Work to be completed: Please repeat exactly the lines below from the one containing "Please locate the" down to the one containing "(16, 29, -3))", both included, and nothing else.

--- Supplied records Enclosed Below ---

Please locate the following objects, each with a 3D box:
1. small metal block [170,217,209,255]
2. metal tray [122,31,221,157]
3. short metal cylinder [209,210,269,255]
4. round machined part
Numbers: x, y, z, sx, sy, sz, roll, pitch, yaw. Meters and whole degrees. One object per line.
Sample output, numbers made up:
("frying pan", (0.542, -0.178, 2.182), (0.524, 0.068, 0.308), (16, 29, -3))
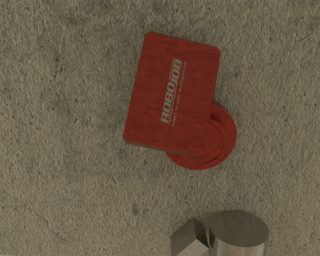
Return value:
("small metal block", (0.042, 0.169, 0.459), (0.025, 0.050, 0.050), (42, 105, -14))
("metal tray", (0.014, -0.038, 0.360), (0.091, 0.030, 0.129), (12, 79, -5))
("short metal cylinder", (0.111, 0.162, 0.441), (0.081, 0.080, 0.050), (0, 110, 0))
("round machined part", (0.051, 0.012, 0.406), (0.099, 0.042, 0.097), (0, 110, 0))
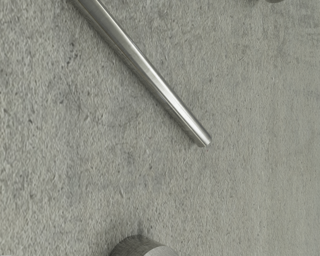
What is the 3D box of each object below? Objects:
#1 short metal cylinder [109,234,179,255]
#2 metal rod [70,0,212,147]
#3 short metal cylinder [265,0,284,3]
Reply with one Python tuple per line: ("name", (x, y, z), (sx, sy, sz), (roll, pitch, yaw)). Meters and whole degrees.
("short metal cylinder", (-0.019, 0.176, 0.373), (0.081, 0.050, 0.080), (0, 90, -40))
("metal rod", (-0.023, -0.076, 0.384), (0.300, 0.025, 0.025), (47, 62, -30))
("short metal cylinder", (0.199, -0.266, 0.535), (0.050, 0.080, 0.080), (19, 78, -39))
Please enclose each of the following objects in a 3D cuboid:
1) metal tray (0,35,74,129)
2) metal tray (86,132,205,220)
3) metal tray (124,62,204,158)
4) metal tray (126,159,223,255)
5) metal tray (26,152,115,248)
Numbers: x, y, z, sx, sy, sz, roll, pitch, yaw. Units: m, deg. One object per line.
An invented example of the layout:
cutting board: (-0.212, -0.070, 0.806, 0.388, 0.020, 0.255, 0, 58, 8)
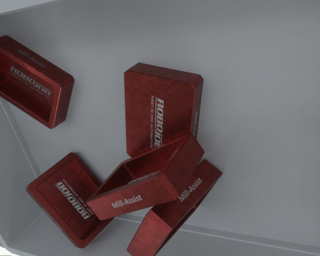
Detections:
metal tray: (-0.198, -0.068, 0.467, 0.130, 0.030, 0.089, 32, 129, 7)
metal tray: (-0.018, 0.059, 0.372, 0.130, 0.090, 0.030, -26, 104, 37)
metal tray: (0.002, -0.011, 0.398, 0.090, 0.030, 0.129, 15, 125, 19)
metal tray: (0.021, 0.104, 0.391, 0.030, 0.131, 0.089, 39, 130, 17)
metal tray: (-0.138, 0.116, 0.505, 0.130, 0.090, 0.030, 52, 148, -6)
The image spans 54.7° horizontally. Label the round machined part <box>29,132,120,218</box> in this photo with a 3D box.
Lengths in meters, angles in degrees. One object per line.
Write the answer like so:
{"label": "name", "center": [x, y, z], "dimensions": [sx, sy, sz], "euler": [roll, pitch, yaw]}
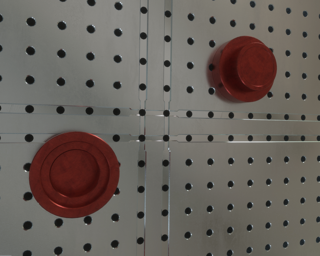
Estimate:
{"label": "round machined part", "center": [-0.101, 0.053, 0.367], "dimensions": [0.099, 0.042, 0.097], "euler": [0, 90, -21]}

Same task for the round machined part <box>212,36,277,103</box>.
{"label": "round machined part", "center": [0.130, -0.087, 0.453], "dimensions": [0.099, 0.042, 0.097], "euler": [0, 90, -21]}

--- End of Enclosed Supplied records ---
--- Supplied records Enclosed Below ---

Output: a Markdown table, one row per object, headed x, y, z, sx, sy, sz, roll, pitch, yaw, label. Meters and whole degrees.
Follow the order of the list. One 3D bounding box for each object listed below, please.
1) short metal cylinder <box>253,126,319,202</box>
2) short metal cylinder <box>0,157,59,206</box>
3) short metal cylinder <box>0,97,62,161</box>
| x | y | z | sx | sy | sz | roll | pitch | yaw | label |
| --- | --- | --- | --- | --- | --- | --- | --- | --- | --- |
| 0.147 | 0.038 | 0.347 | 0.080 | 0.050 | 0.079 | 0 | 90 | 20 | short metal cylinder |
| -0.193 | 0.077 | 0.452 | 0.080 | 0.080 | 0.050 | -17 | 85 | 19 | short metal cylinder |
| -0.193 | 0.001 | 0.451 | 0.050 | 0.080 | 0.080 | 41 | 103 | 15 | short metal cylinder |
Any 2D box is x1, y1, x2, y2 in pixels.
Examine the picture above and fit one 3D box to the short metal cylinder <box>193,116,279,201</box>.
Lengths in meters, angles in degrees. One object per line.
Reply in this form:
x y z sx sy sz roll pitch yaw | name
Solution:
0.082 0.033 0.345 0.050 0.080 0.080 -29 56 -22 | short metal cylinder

--- End of Enclosed Supplied records ---

Response area:
Please locate the following objects, each with a 3D box:
1. small metal block [170,217,209,255]
2. metal tray [122,31,221,157]
3. short metal cylinder [209,210,269,255]
4. round machined part
Numbers: x, y, z, sx, sy, sz, roll, pitch, yaw. Meters and whole degrees. One object per line.
Sample output, numbers made up:
("frying pan", (0.542, -0.178, 2.182), (0.524, 0.068, 0.308), (16, 29, -3))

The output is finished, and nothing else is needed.